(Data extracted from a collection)
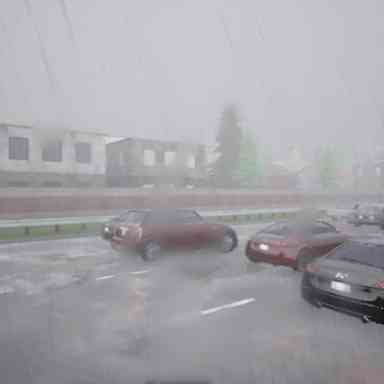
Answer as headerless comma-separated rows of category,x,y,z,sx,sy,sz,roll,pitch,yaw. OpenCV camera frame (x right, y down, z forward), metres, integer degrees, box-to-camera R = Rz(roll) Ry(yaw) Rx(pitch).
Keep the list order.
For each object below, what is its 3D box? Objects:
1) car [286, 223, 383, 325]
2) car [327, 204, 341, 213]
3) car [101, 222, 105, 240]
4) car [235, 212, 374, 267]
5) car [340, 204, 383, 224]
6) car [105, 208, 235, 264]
car,4.133,1.555,6.739,4.181,1.385,1.994,0,0,-35
car,12.546,1.569,25.629,4.718,1.301,1.895,0,0,-35
car,-1.970,1.554,15.283,4.181,1.385,1.994,0,0,-35
car,3.712,1.552,10.727,4.181,1.385,1.994,0,0,-35
car,11.935,1.520,20.916,5.357,1.411,2.033,0,0,-35
car,-0.468,1.342,12.062,4.553,1.767,2.097,0,0,-35
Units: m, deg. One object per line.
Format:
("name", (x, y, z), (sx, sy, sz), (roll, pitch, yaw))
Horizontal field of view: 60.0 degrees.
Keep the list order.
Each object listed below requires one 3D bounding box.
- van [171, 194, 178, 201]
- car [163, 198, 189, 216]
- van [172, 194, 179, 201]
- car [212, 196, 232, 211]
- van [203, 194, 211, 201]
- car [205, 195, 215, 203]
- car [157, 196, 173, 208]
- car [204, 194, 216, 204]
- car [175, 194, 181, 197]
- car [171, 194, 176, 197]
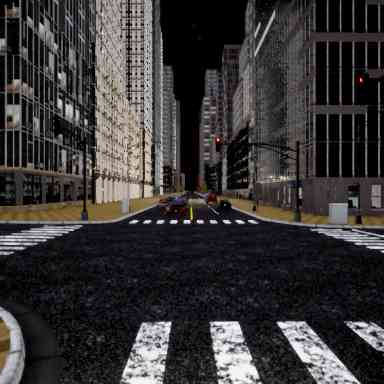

WHAT IS REQUIRED:
Only lines with the word "pitch" count here; copy every one from the records.

ANSWER SPACE:
Answer as headerless comma-separated rows of category,x,y,z,sx,sy,sz,roll,pitch,yaw. OpenCV camera frame (x right, y down, z forward), metres, integer degrees, box-to-camera R = Rz(roll) Ry(yaw) Rx(pitch).
("name", (x, y, z), (sx, sy, sz), (roll, pitch, yaw))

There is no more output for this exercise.